TASK DESCRIPTION -> All the data below goes into the copy word for word, but the pictures don't.

'''

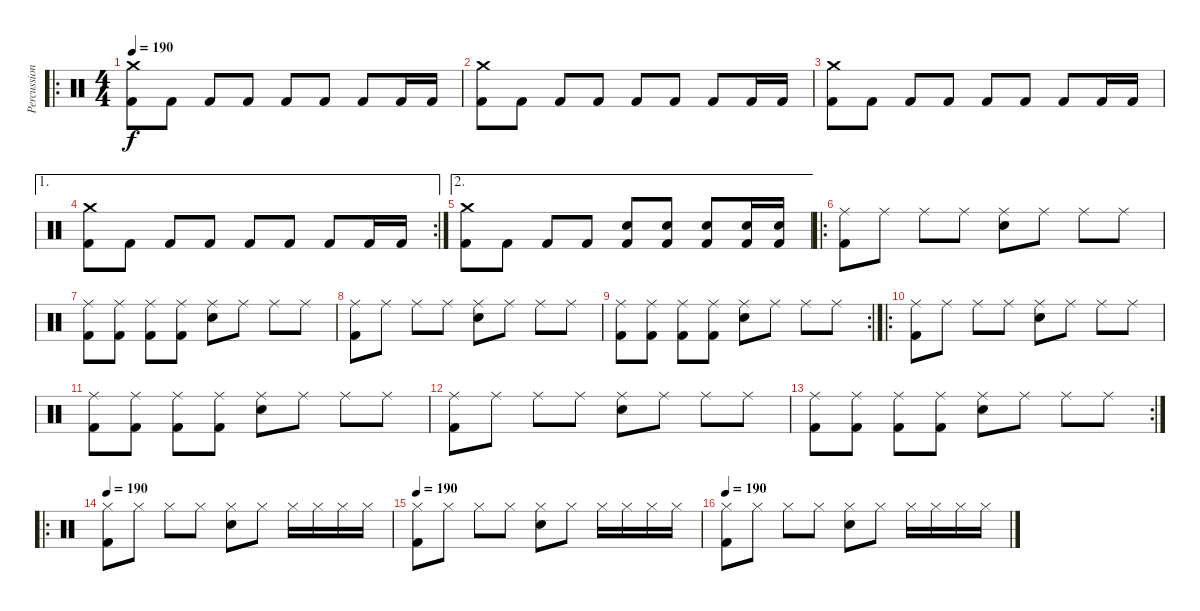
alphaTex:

\track ("Percussion" "Percussion") {instrument percussion}
\staff {score}
\articulation defaults
\ro
\ts (4 4)
\tempo 190
\clef neutral
\ks c
("Crash medium (hit)" "Kick (hit) 2").8{dy f} "Kick (hit) 2".8 "Kick (hit) 2".8 "Kick (hit) 2".8 "Kick (hit) 2".8 "Kick (hit) 2".8 "Kick (hit) 2".8 "Kick (hit) 2".16 "Kick (hit) 2".16 |
("Crash medium (hit)" "Kick (hit) 2").8 "Kick (hit) 2".8 "Kick (hit) 2".8 "Kick (hit) 2".8 "Kick (hit) 2".8 "Kick (hit) 2".8 "Kick (hit) 2".8 "Kick (hit) 2".16 "Kick (hit) 2".16 |
("Crash medium (hit)" "Kick (hit) 2").8 "Kick (hit) 2".8 "Kick (hit) 2".8 "Kick (hit) 2".8 "Kick (hit) 2".8 "Kick (hit) 2".8 "Kick (hit) 2".8 "Kick (hit) 2".16 "Kick (hit) 2".16 |
\ae 1
\rc 2
("Crash medium (hit)" "Kick (hit) 2").8 "Kick (hit) 2".8 "Kick (hit) 2".8 "Kick (hit) 2".8 "Kick (hit) 2".8 "Kick (hit) 2".8 "Kick (hit) 2".8 "Kick (hit) 2".16 "Kick (hit) 2".16 |
\ae 2
("Crash medium (hit)" "Kick (hit) 2").8 "Kick (hit) 2".8 "Kick (hit) 2".8 "Kick (hit) 2".8 ("Electric Snare (hit)" "Kick (hit) 2").8 ("Electric Snare (hit)" "Kick (hit) 2").8 ("Electric Snare (hit)" "Kick (hit) 2").8 ("Electric Snare (hit)" "Kick (hit) 2").16 ("Electric Snare (hit)" "Kick (hit) 2").16 |
\ro
("Ride (middle)" "Kick (hit) 2").8 "Ride (middle)".8 "Ride (middle)".8 "Ride (middle)".8 ("Ride (middle)" "Electric Snare (hit)").8 "Ride (middle)".8 "Ride (middle)".8 "Ride (middle)".8 |
("Ride (middle)" "Kick (hit) 2").8 ("Ride (middle)" "Kick (hit) 2").8 ("Ride (middle)" "Kick (hit) 2").8 ("Ride (middle)" "Kick (hit) 2").8 ("Ride (middle)" "Electric Snare (hit)").8 "Ride (middle)".8 "Ride (middle)".8 "Ride (middle)".8 |
("Ride (middle)" "Kick (hit) 2").8 "Ride (middle)".8 "Ride (middle)".8 "Ride (middle)".8 ("Ride (middle)" "Electric Snare (hit)").8 "Ride (middle)".8 "Ride (middle)".8 "Ride (middle)".8 |
\rc 2
("Ride (middle)" "Kick (hit) 2").8 ("Ride (middle)" "Kick (hit) 2").8 ("Ride (middle)" "Kick (hit) 2").8 ("Ride (middle)" "Kick (hit) 2").8 ("Ride (middle)" "Electric Snare (hit)").8 "Ride (middle)".8 "Ride (middle)".8 "Ride (middle)".8 |
\ro
("Ride (middle)" "Kick (hit) 2").8 "Ride (middle)".8 "Ride (middle)".8 "Ride (middle)".8 ("Ride (middle)" "Electric Snare (hit)").8 "Ride (middle)".8 "Ride (middle)".8 "Ride (middle)".8 |
("Ride (middle)" "Kick (hit) 2").8 ("Ride (middle)" "Kick (hit) 2").8 ("Ride (middle)" "Kick (hit) 2").8 ("Ride (middle)" "Kick (hit) 2").8 ("Ride (middle)" "Electric Snare (hit)").8 "Ride (middle)".8 "Ride (middle)".8 "Ride (middle)".8 |
("Ride (middle)" "Kick (hit) 2").8 "Ride (middle)".8 "Ride (middle)".8 "Ride (middle)".8 ("Ride (middle)" "Electric Snare (hit)").8 "Ride (middle)".8 "Ride (middle)".8 "Ride (middle)".8 |
\rc 2
("Ride (middle)" "Kick (hit) 2").8 ("Ride (middle)" "Kick (hit) 2").8 ("Ride (middle)" "Kick (hit) 2").8 ("Ride (middle)" "Kick (hit) 2").8 ("Ride (middle)" "Electric Snare (hit)").8 "Ride (middle)".8 "Ride (middle)".8 "Ride (middle)".8 |
\ro
\tempo 190
("Hi-Hat (closed)" "Kick (hit) 2").8 "Hi-Hat (closed)".8 "Hi-Hat (closed)".8 "Hi-Hat (closed)".8 ("Hi-Hat (closed)" "Electric Snare (hit)").8 "Hi-Hat (closed)".8 "Hi-Hat (closed)".16 "Hi-Hat (closed)".16 "Hi-Hat (closed)".16 "Hi-Hat (closed)".16 |
\tempo 190
("Hi-Hat (closed)" "Kick (hit) 2").8 "Hi-Hat (closed)".8 "Hi-Hat (closed)".8 "Hi-Hat (closed)".8 ("Hi-Hat (closed)" "Electric Snare (hit)").8 "Hi-Hat (closed)".8 "Hi-Hat (closed)".16 "Hi-Hat (closed)".16 "Hi-Hat (closed)".16 "Hi-Hat (closed)".16 |
\tempo 190
("Hi-Hat (closed)" "Kick (hit) 2").8 "Hi-Hat (closed)".8 "Hi-Hat (closed)".8 "Hi-Hat (closed)".8 ("Hi-Hat (closed)" "Electric Snare (hit)").8 "Hi-Hat (closed)".8 "Hi-Hat (closed)".16 "Hi-Hat (closed)".16 "Hi-Hat (closed)".16 "Hi-Hat (closed)".16

'''

RESULT OF THIS TASK ->
alphaTex:

\track ("Percussion" "Percussion") {instrument percussion}
\staff {score}
\articulation defaults
\ro
\ts (4 4)
\tempo 190
\clef neutral
\ks c
("Crash medium (hit)" "Kick (hit) 2").8{dy f} "Kick (hit) 2".8 "Kick (hit) 2".8 "Kick (hit) 2".8 "Kick (hit) 2".8 "Kick (hit) 2".8 "Kick (hit) 2".8 "Kick (hit) 2".16 "Kick (hit) 2".16 |
("Crash medium (hit)" "Kick (hit) 2").8 "Kick (hit) 2".8 "Kick (hit) 2".8 "Kick (hit) 2".8 "Kick (hit) 2".8 "Kick (hit) 2".8 "Kick (hit) 2".8 "Kick (hit) 2".16 "Kick (hit) 2".16 |
("Crash medium (hit)" "Kick (hit) 2").8 "Kick (hit) 2".8 "Kick (hit) 2".8 "Kick (hit) 2".8 "Kick (hit) 2".8 "Kick (hit) 2".8 "Kick (hit) 2".8 "Kick (hit) 2".16 "Kick (hit) 2".16 |
\ae 1
\rc 2
("Crash medium (hit)" "Kick (hit) 2").8 "Kick (hit) 2".8 "Kick (hit) 2".8 "Kick (hit) 2".8 "Kick (hit) 2".8 "Kick (hit) 2".8 "Kick (hit) 2".8 "Kick (hit) 2".16 "Kick (hit) 2".16 |
\ae 2
("Crash medium (hit)" "Kick (hit) 2").8 "Kick (hit) 2".8 "Kick (hit) 2".8 "Kick (hit) 2".8 ("Electric Snare (hit)" "Kick (hit) 2").8 ("Electric Snare (hit)" "Kick (hit) 2").8 ("Electric Snare (hit)" "Kick (hit) 2").8 ("Electric Snare (hit)" "Kick (hit) 2").16 ("Electric Snare (hit)" "Kick (hit) 2").16 |
\ro
("Ride (middle)" "Kick (hit) 2").8 "Ride (middle)".8 "Ride (middle)".8 "Ride (middle)".8 ("Ride (middle)" "Electric Snare (hit)").8 "Ride (middle)".8 "Ride (middle)".8 "Ride (middle)".8 |
("Ride (middle)" "Kick (hit) 2").8 ("Ride (middle)" "Kick (hit) 2").8 ("Ride (middle)" "Kick (hit) 2").8 ("Ride (middle)" "Kick (hit) 2").8 ("Ride (middle)" "Electric Snare (hit)").8 "Ride (middle)".8 "Ride (middle)".8 "Ride (middle)".8 |
("Ride (middle)" "Kick (hit) 2").8 "Ride (middle)".8 "Ride (middle)".8 "Ride (middle)".8 ("Ride (middle)" "Electric Snare (hit)").8 "Ride (middle)".8 "Ride (middle)".8 "Ride (middle)".8 |
\rc 2
("Ride (middle)" "Kick (hit) 2").8 ("Ride (middle)" "Kick (hit) 2").8 ("Ride (middle)" "Kick (hit) 2").8 ("Ride (middle)" "Kick (hit) 2").8 ("Ride (middle)" "Electric Snare (hit)").8 "Ride (middle)".8 "Ride (middle)".8 "Ride (middle)".8 |
\ro
("Ride (middle)" "Kick (hit) 2").8 "Ride (middle)".8 "Ride (middle)".8 "Ride (middle)".8 ("Ride (middle)" "Electric Snare (hit)").8 "Ride (middle)".8 "Ride (middle)".8 "Ride (middle)".8 |
("Ride (middle)" "Kick (hit) 2").8 ("Ride (middle)" "Kick (hit) 2").8 ("Ride (middle)" "Kick (hit) 2").8 ("Ride (middle)" "Kick (hit) 2").8 ("Ride (middle)" "Electric Snare (hit)").8 "Ride (middle)".8 "Ride (middle)".8 "Ride (middle)".8 |
("Ride (middle)" "Kick (hit) 2").8 "Ride (middle)".8 "Ride (middle)".8 "Ride (middle)".8 ("Ride (middle)" "Electric Snare (hit)").8 "Ride (middle)".8 "Ride (middle)".8 "Ride (middle)".8 |
\rc 2
("Ride (middle)" "Kick (hit) 2").8 ("Ride (middle)" "Kick (hit) 2").8 ("Ride (middle)" "Kick (hit) 2").8 ("Ride (middle)" "Kick (hit) 2").8 ("Ride (middle)" "Electric Snare (hit)").8 "Ride (middle)".8 "Ride (middle)".8 "Ride (middle)".8 |
\ro
\tempo 190
("Hi-Hat (closed)" "Kick (hit) 2").8 "Hi-Hat (closed)".8 "Hi-Hat (closed)".8 "Hi-Hat (closed)".8 ("Hi-Hat (closed)" "Electric Snare (hit)").8 "Hi-Hat (closed)".8 "Hi-Hat (closed)".16 "Hi-Hat (closed)".16 "Hi-Hat (closed)".16 "Hi-Hat (closed)".16 |
\tempo 190
("Hi-Hat (closed)" "Kick (hit) 2").8 "Hi-Hat (closed)".8 "Hi-Hat (closed)".8 "Hi-Hat (closed)".8 ("Hi-Hat (closed)" "Electric Snare (hit)").8 "Hi-Hat (closed)".8 "Hi-Hat (closed)".16 "Hi-Hat (closed)".16 "Hi-Hat (closed)".16 "Hi-Hat (closed)".16 |
\tempo 190
("Hi-Hat (closed)" "Kick (hit) 2").8 "Hi-Hat (closed)".8 "Hi-Hat (closed)".8 "Hi-Hat (closed)".8 ("Hi-Hat (closed)" "Electric Snare (hit)").8 "Hi-Hat (closed)".8 "Hi-Hat (closed)".16 "Hi-Hat (closed)".16 "Hi-Hat (closed)".16 "Hi-Hat (closed)".16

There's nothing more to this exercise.